Can I rely on a mature or final draft before it is published?

Use it to anticipate the requirements, not as a finished legal basis. A mature or final draft is usually close to the final wording, but it can still change at the formal vote or in the Commission's assessment, and the presumption of conformity does not apply until the reference appears in the Official Journal. Reading it now is still the fastest way to prepare.

What is the difference between the EN 304 6xx and EN 40000 standards?

The EN 304 6xx standards, drafted by ETSI, are product-specific: each targets one category such as browsers, operating systems, or routers. The EN 40000 series, drafted by CEN-CLC/JTC 13, is horizontal: it sets principles, generic security requirements, and vulnerability-handling rules that apply across categories. A single product may need to read both a horizontal standard and the one for its category.

Do any of these standards cover critical products, not just important ones?

Yes. Most of the tracked standards cover important products, but a few cover critical ones: the secure-element platform standard (EN 50764), plus the work on hardware devices with security boxes, smart meter gateways, and smartcards. Critical products must use a European cybersecurity certification scheme where one is mandated, or otherwise the same third-party assessment routes as Class II products. The Critical products section above lists them separately. A harmonised standard does not let a critical product skip that assessment the way it can for an important Class I product.

When will the standards be published in the Official Journal?

There is no confirmed publication date for any CRA harmonised standard. The ETSI EN 304 6xx drafts are closest, several at mature or final-draft stage, but each still has to clear its formal vote and the Commission's assessment before a reference can be cited. Treat the status column here as the current state and check the standards bodies' trackers linked above for movement.

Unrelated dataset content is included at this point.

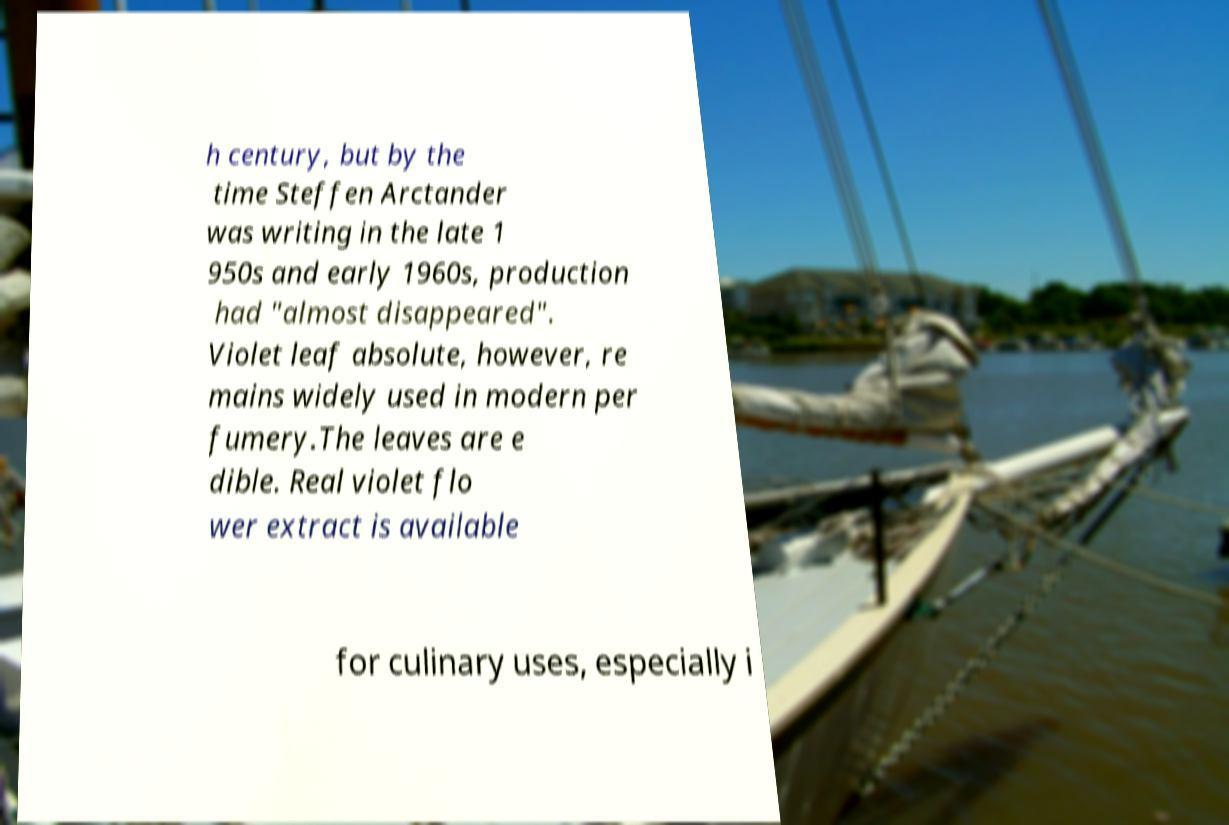What messages or text are displayed in this image? I need them in a readable, typed format. h century, but by the time Steffen Arctander was writing in the late 1 950s and early 1960s, production had "almost disappeared". Violet leaf absolute, however, re mains widely used in modern per fumery.The leaves are e dible. Real violet flo wer extract is available for culinary uses, especially i

Prepare before a standard is published

  1. Confirm your product category and conformity route in product classification, which decides whether a published standard would let you self-assess.
  2. Find the draft that matches your category in the tables above and read it to anticipate the concrete provisions.
  3. Build the technical documentation that demonstrates conformity with Annex I directly, so you are not dependent on a standard being published.
  4. Produce and maintain an SBOM and a documented risk assessment, which every category will require.
  5. Stand up your vulnerability handling and reporting process, due regardless of which standard applies.
  6. Re-check this tracker and the standards bodies' trackers for status changes; the first Official Journal citation is what unlocks the presumption of conformity.